There are males that believe that women are subordinate- this may or may not have implications as far as intimate relations between a husband and wife. One cannot but help see parallels to the prevailing culture, perhaps we the church are viewing women dimly through our cultural lenses which are fogged up by pornography which corresponds to subservience of females to males.

Comment by jlp

August 5, 2009 @ 1:27 pm

What disturbs me is that female sexual submission and female sexual seduction is being glorified to little girls, such that they feel they must engage in it in order to obtain happiness. In other words, girls are being trained by our porn saturated culture to allow themselves to be used as sexual objects by males.

In addition to this, males are learning that the greatest happiness in life is from sex. Things such as playing with a child, having personal and intimate relationships with others that don’t involve sex and helping others are not portrayed as things worthy of living for. Only sex is worth living for.

I know the definition of sexual addiction encompasses a wide range of opinions. But when sex becomes the main thing in life to live for – you are missing out on the whole range of human experiences that can bring joy to life. If sex is the most important thing in someone’s life, then I personally consider them addicted. This is a much broader definition that others have.

Some people in the mental health field don’t seem to think it is a problem for men to put sex first in their lives or for little girls to want to grow up to be sex objects. I think a lot of denial is going on because so many men have become emotionally dependent on sex. Instead of dealing with pain, rejection and hurt in a way that helps them to grow – they use porn to distract themselves from these feelings. And in the process both males and females lose.

Comment by jlp

August 5, 2009 @ 1:28 pm

One cannot but help see parallels to the prevailing culture, perhaps we the church are viewing women dimly through or cultural lenses which are fogged up by pornography which corresponds to subservience of females to males.

I’ve thought about this also.

Comment by Crayon Christian

August 6, 2009 @ 10:05 am

Our media is teaching our girls that it is glamorous and exciting for them to be treated like sex objects by men and boys. This encourages girls to allow boys and men to do things to their bodies that they would otherwise never allow. The media is encouraging girls to be parties to their own sexual victimization.

Comment by jlp

August 7, 2009 @ 9:55 am

I’m not saying that men and women shouldn’t dress in an attractive manner for the opposite sex. But when girls feel they have to dress in a seductive manner, that’s when there is a problem.

Comment by Hope

August 10, 2009 @ 8:11 am

When I read of a ten-year-old girl seeking male attention, I have to wonder where her father is and whether he’s spent enough time with her and told her he loves her. If he were to remind his daughter on a regular basis that she’s a wonderful girl and that he loves her as she is, chances are she will not do inappropriate things to attract males. There are no guarantees, of course, but it’s worth a try.

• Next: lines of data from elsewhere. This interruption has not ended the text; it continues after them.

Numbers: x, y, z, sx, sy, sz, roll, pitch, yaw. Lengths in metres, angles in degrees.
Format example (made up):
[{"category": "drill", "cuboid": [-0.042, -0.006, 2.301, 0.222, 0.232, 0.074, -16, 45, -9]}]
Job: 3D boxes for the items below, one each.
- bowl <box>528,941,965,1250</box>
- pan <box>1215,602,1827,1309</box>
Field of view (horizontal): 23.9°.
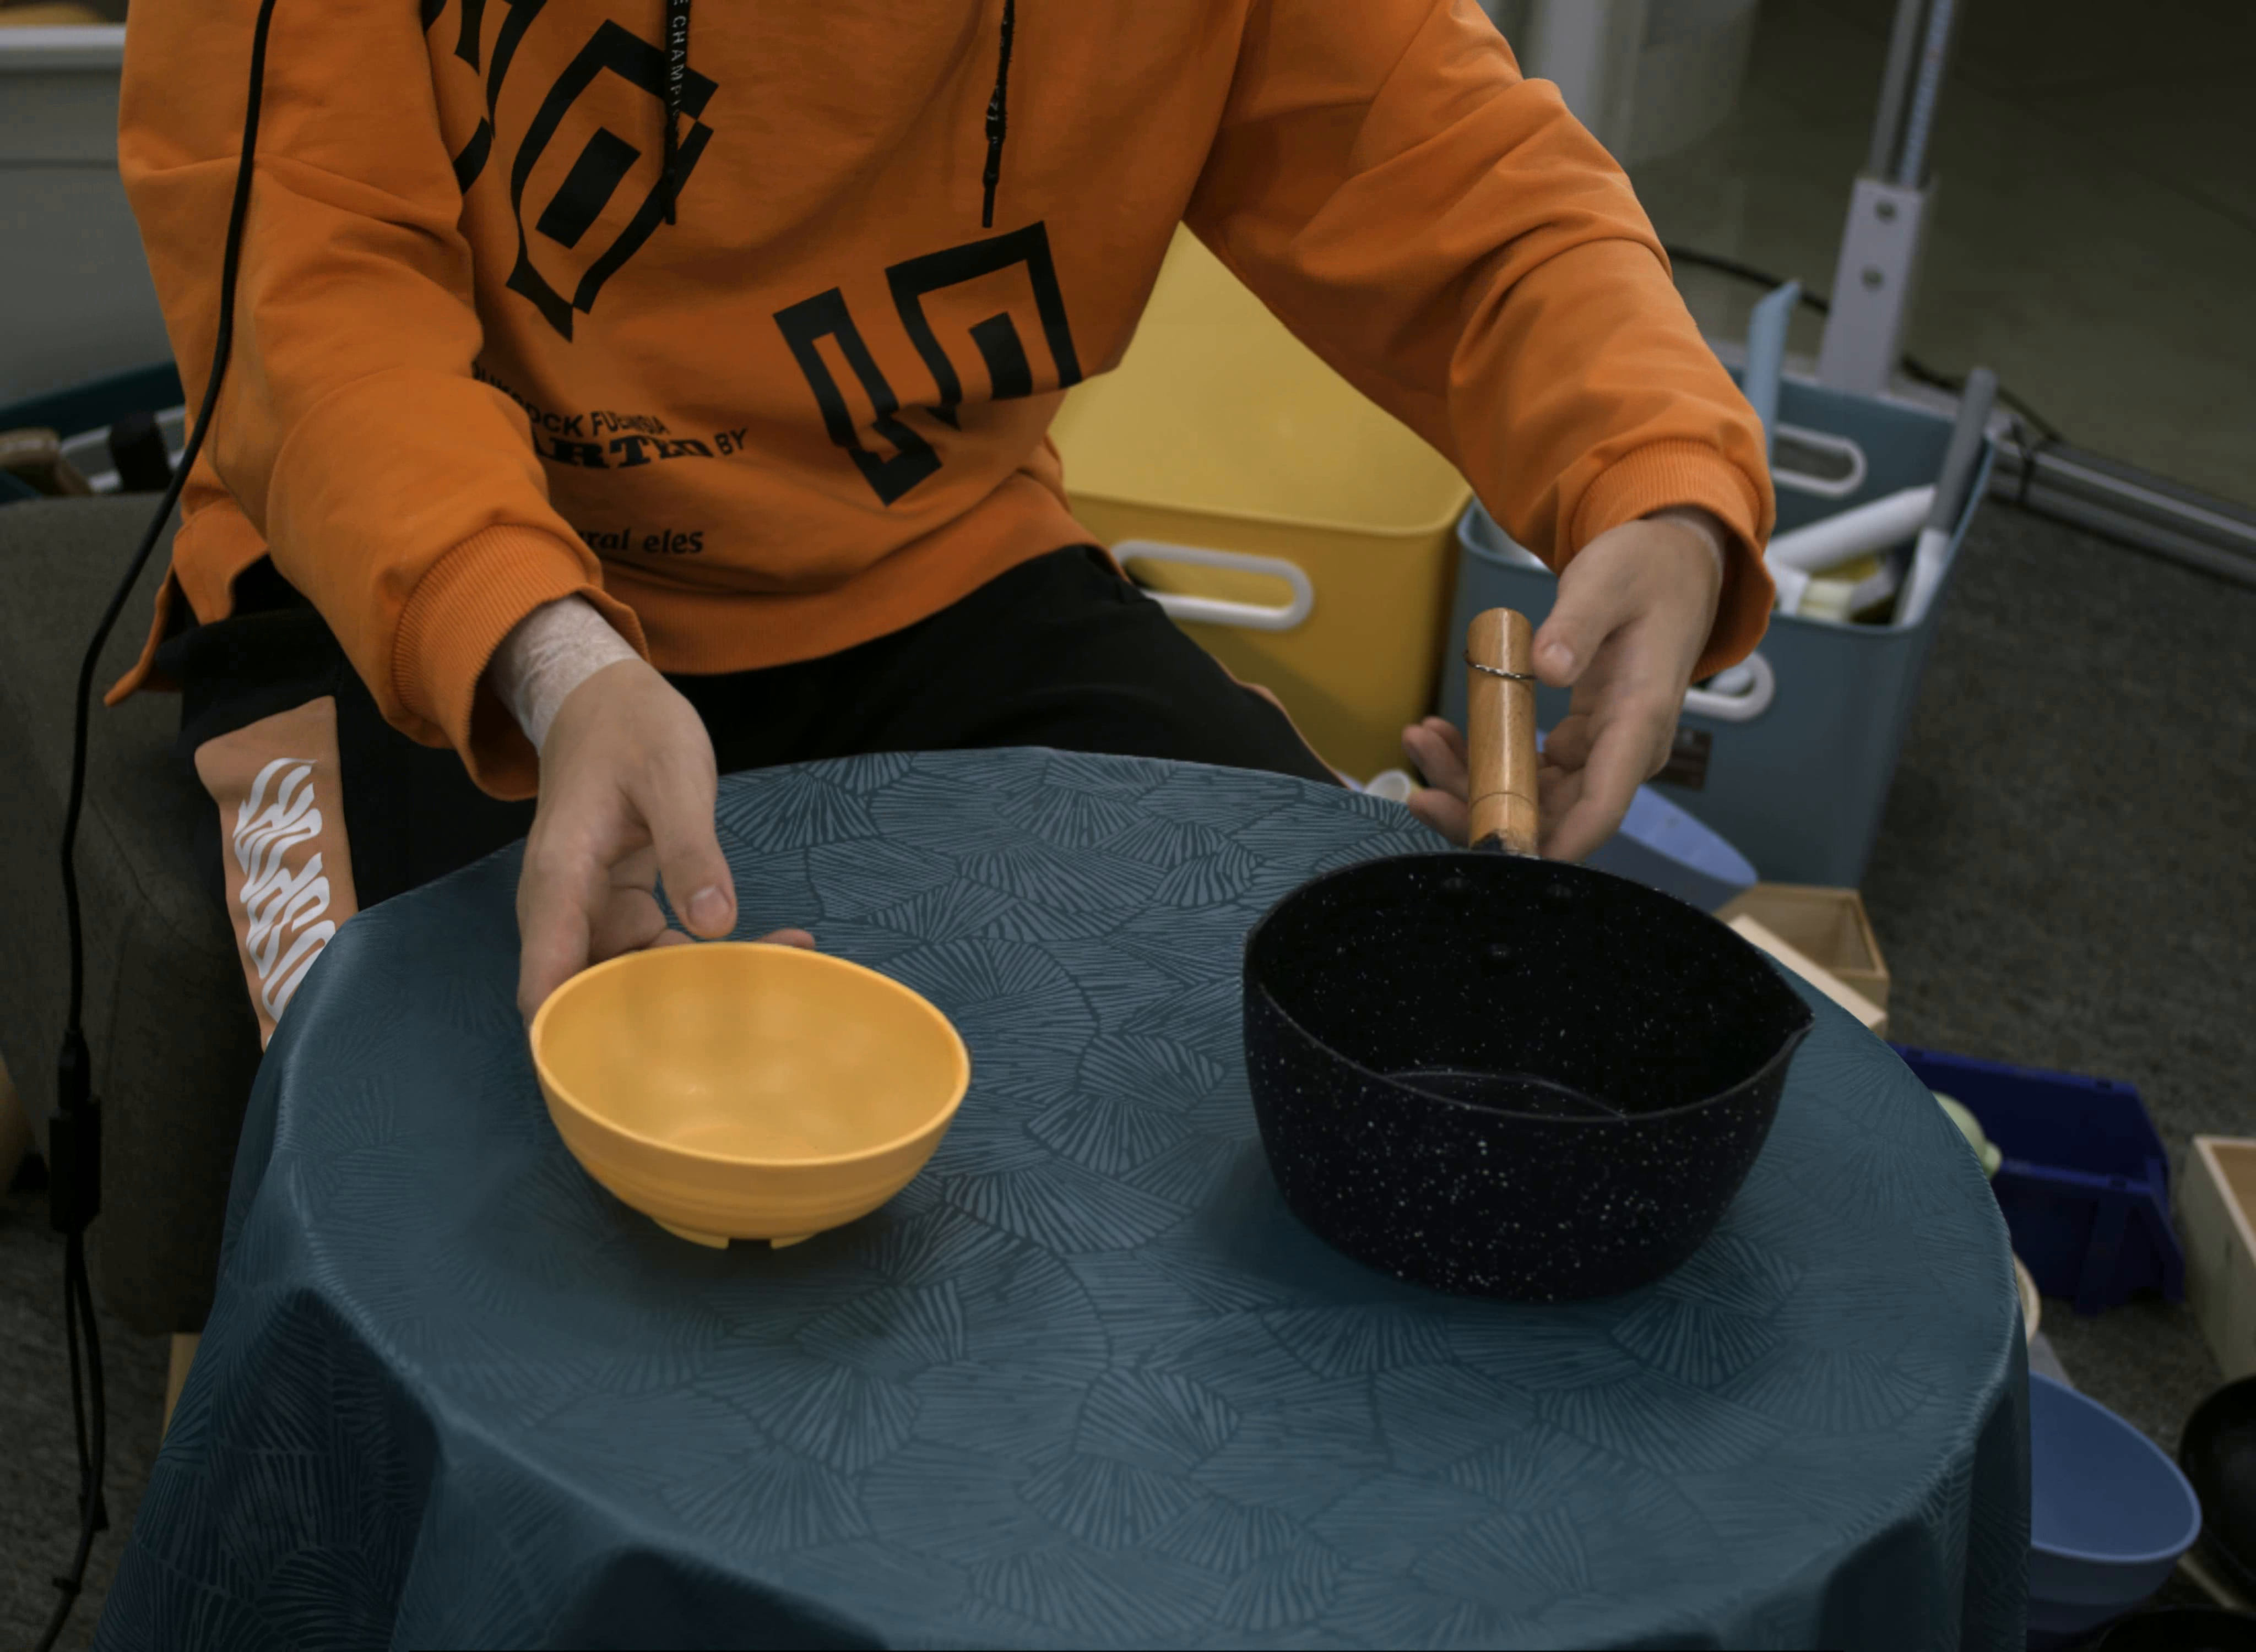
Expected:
[{"category": "bowl", "cuboid": [-0.128, 0.098, 1.760, 0.145, 0.060, 0.146, 6, 26, -3]}, {"category": "pan", "cuboid": [0.131, 0.042, 1.874, 0.207, 0.108, 0.345, 4, 28, -1]}]

Instead of talking with the girl, could you perhaps talk with her father?

Comment by jlp

August 10, 2009 @ 11:00 am

The father spends a lot of time with the little girl and is very alarmed by her attraction to wearing skimpy clothes.

He lets her know that he loves and that she is special. He is scared because he knows she does not understand the sexual content underlying the way she wants to dress. He has asked his wife to talk to her about it when she gets old enough. But I think her mother is too embarrassed to do it.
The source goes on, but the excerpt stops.